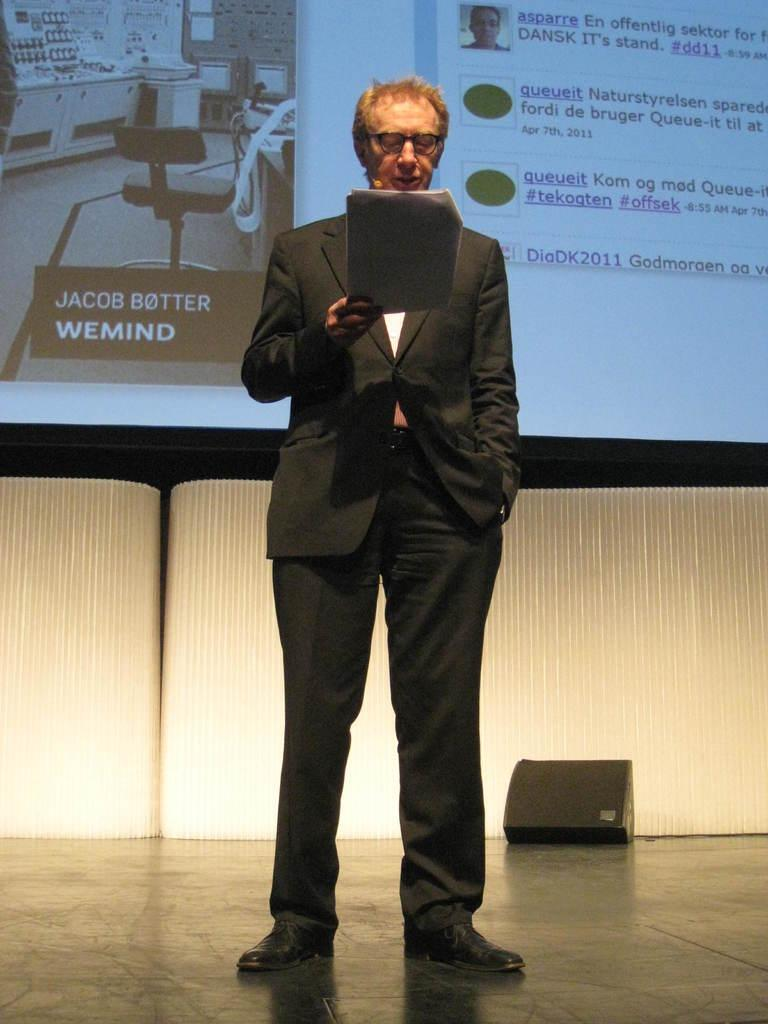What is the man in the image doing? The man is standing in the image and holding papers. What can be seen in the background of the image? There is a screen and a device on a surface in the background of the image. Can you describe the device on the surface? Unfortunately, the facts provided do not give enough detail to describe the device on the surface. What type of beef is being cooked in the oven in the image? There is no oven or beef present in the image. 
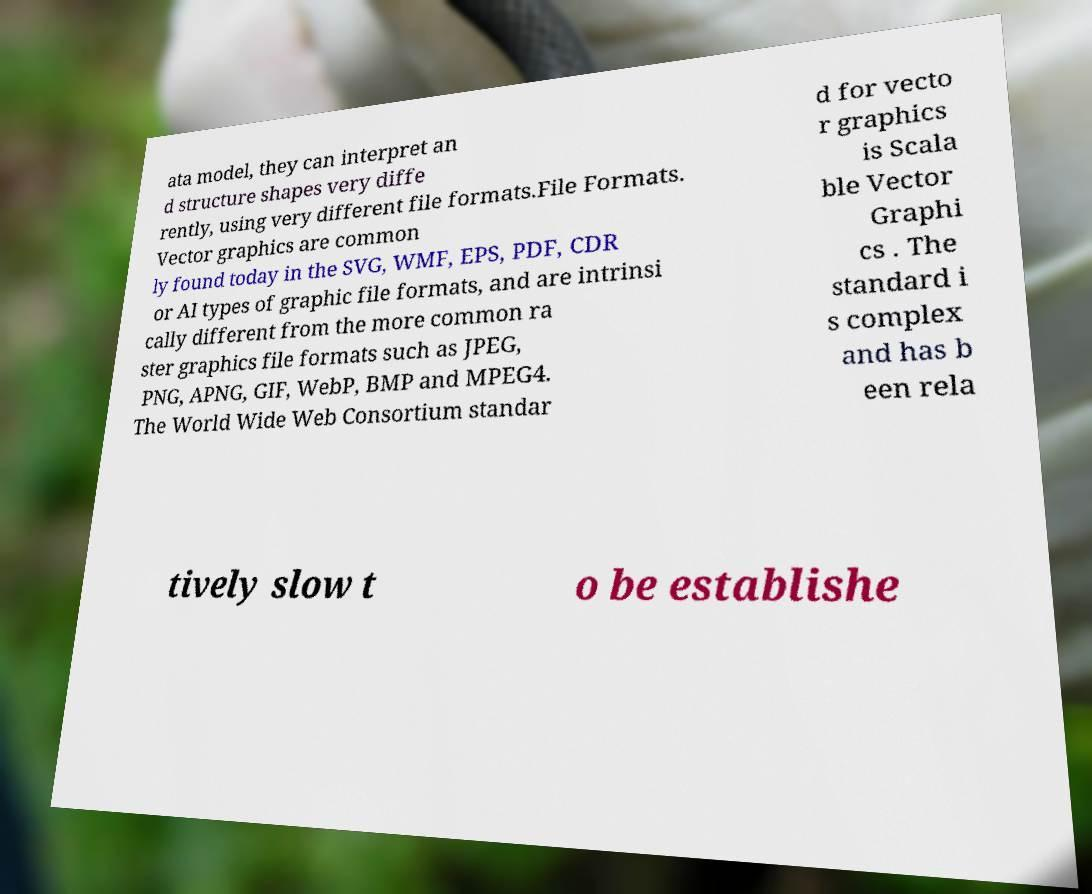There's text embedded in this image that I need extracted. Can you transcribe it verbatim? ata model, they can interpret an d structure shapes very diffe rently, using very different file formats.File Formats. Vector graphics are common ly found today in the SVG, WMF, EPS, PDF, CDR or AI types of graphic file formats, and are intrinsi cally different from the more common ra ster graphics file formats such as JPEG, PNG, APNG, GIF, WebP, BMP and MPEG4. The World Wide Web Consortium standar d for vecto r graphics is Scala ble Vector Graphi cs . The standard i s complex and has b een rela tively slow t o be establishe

...

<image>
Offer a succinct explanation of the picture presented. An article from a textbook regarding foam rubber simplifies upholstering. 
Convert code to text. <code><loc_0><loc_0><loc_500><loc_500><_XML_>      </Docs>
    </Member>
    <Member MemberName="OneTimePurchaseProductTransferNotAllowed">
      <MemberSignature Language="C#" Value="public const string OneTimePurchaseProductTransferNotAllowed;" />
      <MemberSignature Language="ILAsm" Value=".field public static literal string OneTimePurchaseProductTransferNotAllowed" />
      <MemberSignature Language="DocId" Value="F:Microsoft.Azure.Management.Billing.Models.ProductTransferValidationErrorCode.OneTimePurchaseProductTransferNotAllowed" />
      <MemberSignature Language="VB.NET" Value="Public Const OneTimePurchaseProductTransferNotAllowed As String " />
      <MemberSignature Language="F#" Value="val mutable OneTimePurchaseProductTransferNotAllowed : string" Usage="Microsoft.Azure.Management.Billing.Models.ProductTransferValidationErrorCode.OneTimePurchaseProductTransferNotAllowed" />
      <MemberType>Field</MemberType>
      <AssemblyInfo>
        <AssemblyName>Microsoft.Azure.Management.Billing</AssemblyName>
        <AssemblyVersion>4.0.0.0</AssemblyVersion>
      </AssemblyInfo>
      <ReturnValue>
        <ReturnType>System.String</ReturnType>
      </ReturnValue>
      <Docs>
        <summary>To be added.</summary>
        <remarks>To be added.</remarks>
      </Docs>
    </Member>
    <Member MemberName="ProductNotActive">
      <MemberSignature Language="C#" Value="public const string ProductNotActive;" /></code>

Instructions for the task: Above is a listing; print exactly its lines from the one with "public static literal" through the one with "<AssemblyInfo>", and no other lines.

Solution to this problem:
      <MemberSignature Language="ILAsm" Value=".field public static literal string OneTimePurchaseProductTransferNotAllowed" />
      <MemberSignature Language="DocId" Value="F:Microsoft.Azure.Management.Billing.Models.ProductTransferValidationErrorCode.OneTimePurchaseProductTransferNotAllowed" />
      <MemberSignature Language="VB.NET" Value="Public Const OneTimePurchaseProductTransferNotAllowed As String " />
      <MemberSignature Language="F#" Value="val mutable OneTimePurchaseProductTransferNotAllowed : string" Usage="Microsoft.Azure.Management.Billing.Models.ProductTransferValidationErrorCode.OneTimePurchaseProductTransferNotAllowed" />
      <MemberType>Field</MemberType>
      <AssemblyInfo>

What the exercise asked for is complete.